Saved data entries:
******************************
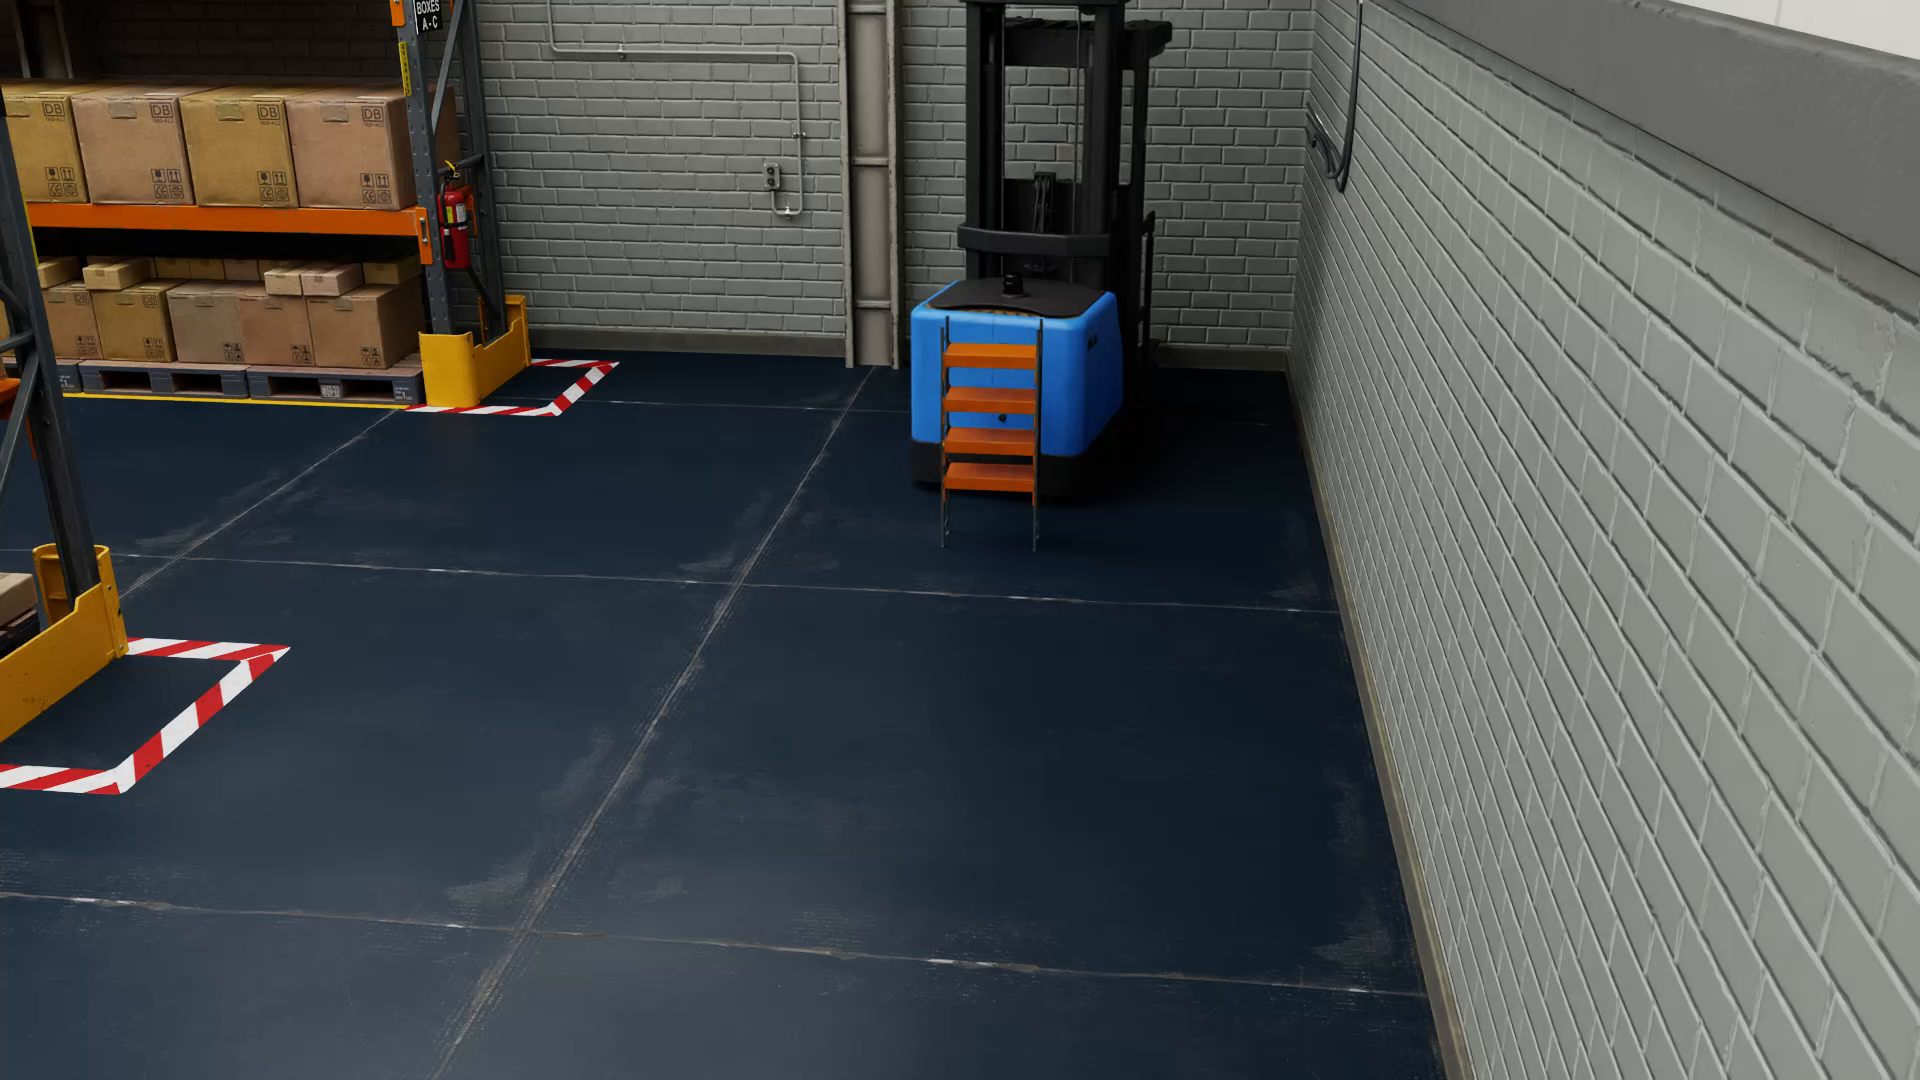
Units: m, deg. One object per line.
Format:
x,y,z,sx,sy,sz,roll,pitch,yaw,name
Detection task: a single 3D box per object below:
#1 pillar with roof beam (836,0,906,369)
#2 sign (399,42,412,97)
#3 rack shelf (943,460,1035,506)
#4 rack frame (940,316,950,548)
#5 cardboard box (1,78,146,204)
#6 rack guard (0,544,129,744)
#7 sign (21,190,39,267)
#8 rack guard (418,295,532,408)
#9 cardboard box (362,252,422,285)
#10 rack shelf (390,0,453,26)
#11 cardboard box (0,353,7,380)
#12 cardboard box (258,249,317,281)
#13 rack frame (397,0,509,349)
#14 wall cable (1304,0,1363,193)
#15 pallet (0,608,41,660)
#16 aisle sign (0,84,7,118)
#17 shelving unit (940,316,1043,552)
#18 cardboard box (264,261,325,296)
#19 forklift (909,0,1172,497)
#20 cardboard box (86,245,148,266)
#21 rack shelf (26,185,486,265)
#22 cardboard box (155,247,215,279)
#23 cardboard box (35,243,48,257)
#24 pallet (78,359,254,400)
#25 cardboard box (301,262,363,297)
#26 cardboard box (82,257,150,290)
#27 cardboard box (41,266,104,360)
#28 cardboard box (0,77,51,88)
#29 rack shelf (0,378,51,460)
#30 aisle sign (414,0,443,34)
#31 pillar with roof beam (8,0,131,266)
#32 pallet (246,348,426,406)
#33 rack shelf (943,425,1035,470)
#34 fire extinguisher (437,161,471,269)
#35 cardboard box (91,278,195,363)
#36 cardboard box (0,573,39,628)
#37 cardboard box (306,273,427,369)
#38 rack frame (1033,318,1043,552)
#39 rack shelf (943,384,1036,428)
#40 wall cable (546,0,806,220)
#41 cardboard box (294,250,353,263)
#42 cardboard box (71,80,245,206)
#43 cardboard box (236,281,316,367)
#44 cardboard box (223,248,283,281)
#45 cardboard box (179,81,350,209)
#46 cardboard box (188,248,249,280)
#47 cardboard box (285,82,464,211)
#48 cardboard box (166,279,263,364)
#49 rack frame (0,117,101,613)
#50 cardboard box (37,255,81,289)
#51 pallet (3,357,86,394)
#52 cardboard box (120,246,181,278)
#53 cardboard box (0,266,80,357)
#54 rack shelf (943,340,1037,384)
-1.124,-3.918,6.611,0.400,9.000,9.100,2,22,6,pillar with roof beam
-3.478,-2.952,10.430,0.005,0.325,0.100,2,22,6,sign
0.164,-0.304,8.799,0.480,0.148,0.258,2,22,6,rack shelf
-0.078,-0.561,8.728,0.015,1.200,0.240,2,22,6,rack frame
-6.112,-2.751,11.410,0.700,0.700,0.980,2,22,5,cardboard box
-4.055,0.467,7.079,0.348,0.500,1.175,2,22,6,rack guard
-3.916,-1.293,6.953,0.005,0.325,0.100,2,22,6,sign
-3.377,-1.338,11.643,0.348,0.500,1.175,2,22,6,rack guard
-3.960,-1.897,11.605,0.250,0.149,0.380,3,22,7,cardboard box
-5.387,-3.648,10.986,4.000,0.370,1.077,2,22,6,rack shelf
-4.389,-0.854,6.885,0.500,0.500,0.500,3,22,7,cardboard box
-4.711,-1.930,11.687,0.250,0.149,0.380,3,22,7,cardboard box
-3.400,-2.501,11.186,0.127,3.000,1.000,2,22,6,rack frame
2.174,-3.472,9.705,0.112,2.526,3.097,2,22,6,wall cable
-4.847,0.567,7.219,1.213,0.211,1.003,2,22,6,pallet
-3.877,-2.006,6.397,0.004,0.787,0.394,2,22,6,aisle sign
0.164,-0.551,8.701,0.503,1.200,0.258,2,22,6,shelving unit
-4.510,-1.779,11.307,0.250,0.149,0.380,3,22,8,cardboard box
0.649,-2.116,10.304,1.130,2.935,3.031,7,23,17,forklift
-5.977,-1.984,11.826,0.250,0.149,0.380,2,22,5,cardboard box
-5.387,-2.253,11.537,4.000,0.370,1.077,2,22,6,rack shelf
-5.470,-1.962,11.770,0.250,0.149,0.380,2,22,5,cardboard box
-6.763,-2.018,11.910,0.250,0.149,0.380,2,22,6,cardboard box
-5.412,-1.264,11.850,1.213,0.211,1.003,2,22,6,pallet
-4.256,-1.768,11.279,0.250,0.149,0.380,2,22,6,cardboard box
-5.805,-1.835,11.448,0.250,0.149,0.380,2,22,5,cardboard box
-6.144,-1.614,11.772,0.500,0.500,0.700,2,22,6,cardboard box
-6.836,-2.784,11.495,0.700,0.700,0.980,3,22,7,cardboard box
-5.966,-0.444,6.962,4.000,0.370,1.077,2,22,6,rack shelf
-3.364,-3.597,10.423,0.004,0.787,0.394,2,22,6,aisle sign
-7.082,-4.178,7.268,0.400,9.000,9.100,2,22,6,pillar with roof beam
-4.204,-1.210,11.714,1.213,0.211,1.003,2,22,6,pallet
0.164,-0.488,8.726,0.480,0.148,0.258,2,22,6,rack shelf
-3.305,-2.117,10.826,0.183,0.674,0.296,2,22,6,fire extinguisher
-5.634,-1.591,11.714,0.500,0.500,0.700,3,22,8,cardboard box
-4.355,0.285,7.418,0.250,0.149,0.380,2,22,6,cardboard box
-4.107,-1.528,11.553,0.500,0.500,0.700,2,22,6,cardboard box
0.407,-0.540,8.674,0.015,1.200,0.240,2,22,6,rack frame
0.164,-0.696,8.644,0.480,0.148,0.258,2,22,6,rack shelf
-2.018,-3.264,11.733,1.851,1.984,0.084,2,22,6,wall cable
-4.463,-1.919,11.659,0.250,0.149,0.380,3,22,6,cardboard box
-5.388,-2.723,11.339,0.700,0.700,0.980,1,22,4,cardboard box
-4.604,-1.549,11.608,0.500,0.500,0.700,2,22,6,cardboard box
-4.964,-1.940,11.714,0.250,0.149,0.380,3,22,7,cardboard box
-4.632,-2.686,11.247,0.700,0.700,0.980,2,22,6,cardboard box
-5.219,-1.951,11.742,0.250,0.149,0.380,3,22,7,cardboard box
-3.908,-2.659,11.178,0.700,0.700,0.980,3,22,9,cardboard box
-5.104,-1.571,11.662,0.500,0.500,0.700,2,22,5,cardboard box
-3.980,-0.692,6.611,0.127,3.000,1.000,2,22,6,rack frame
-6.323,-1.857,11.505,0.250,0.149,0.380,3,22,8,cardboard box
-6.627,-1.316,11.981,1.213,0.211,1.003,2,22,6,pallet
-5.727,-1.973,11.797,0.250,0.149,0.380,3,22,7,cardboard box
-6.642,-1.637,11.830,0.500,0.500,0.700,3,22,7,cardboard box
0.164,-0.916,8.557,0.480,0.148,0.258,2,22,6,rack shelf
******************************
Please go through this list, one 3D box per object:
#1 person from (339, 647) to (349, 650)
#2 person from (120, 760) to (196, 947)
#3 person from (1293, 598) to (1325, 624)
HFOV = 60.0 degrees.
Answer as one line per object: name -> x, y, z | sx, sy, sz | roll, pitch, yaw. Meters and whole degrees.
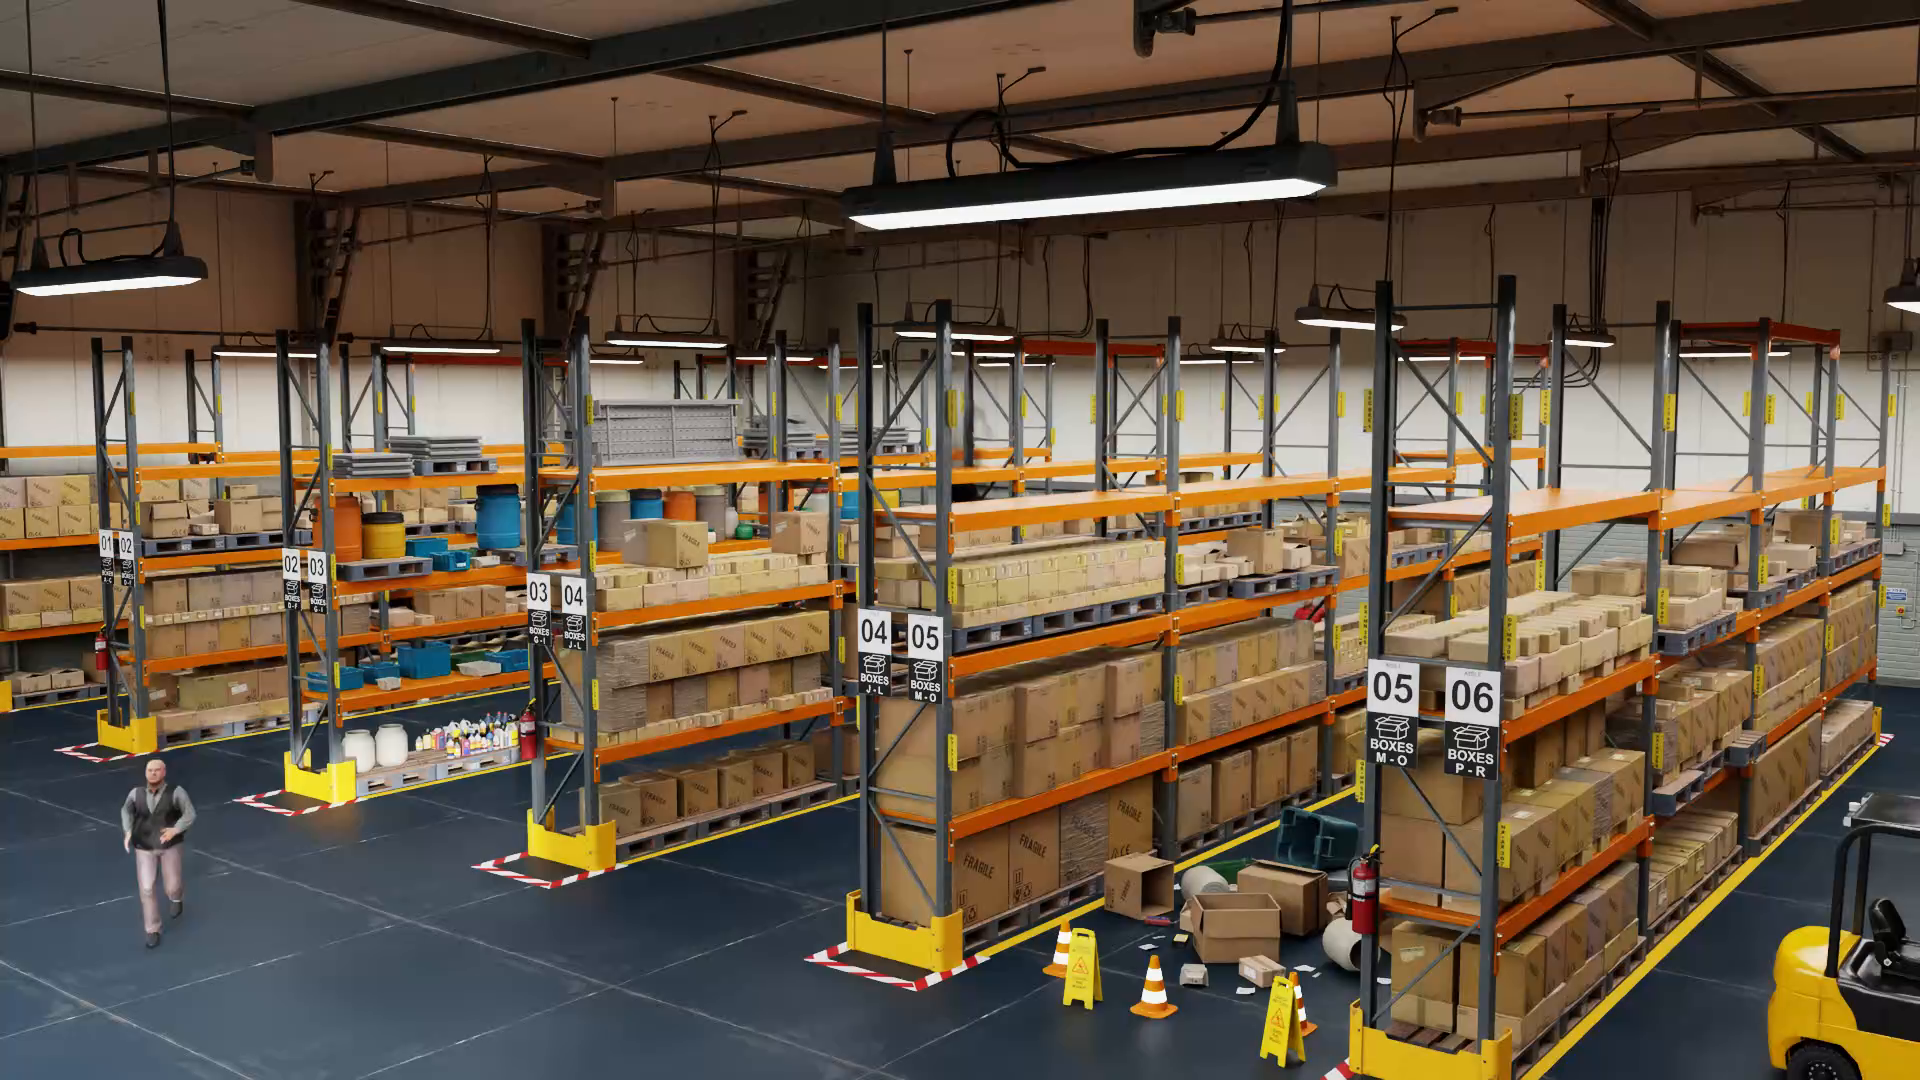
******************************
**What the task requires:** In the entries above, find the line with "#48 cardboard box (166,279,263,364)" and the line with "#53 cardboard box (0,266,80,357)", then set down exactly those two and every line between them, nothing else.

**Written solution:**
#48 cardboard box (166,279,263,364)
#49 rack frame (0,117,101,613)
#50 cardboard box (37,255,81,289)
#51 pallet (3,357,86,394)
#52 cardboard box (120,246,181,278)
#53 cardboard box (0,266,80,357)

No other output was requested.